RECORDS TO PROCESS START

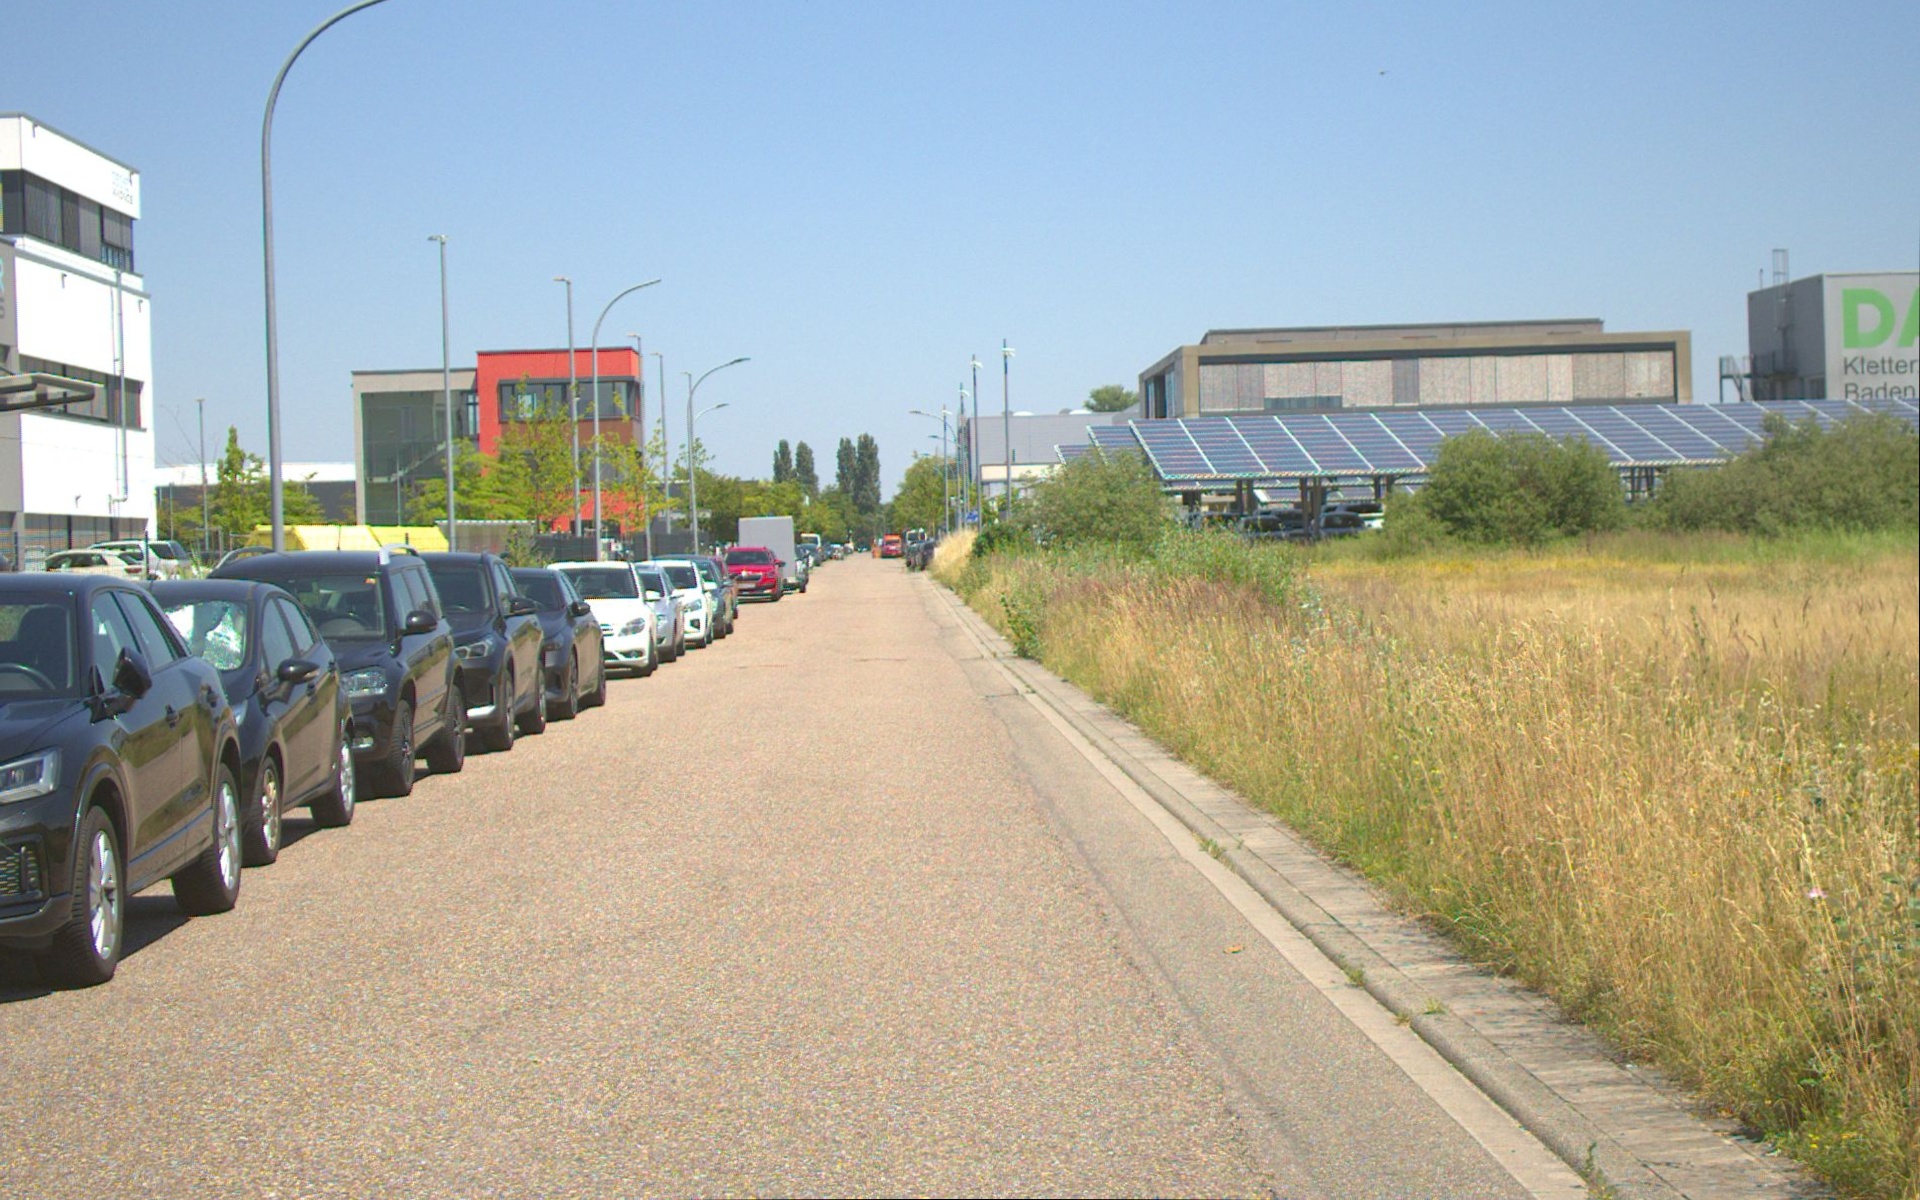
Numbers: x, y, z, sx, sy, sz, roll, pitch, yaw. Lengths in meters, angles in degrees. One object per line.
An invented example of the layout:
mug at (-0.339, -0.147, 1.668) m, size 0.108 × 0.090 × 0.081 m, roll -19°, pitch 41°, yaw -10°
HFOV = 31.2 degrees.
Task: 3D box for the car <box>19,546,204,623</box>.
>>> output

RECORDS TO PROCESS END

- _YOUR ASSIGNMENT_:
The answer should be an exact copy of the material, with its pictures removed.

- _RESULT FOR THIS TASK_:
Numbers: x, y, z, sx, sy, sz, roll, pitch, yaw. Lengths in meters, angles in degrees. One object per line.
An invented example of the layout:
mug at (-0.339, -0.147, 1.668) m, size 0.108 × 0.090 × 0.081 m, roll -19°, pitch 41°, yaw -10°
HFOV = 31.2 degrees.
Task: 3D box for the car <box>19,546,204,623</box>.
>>> output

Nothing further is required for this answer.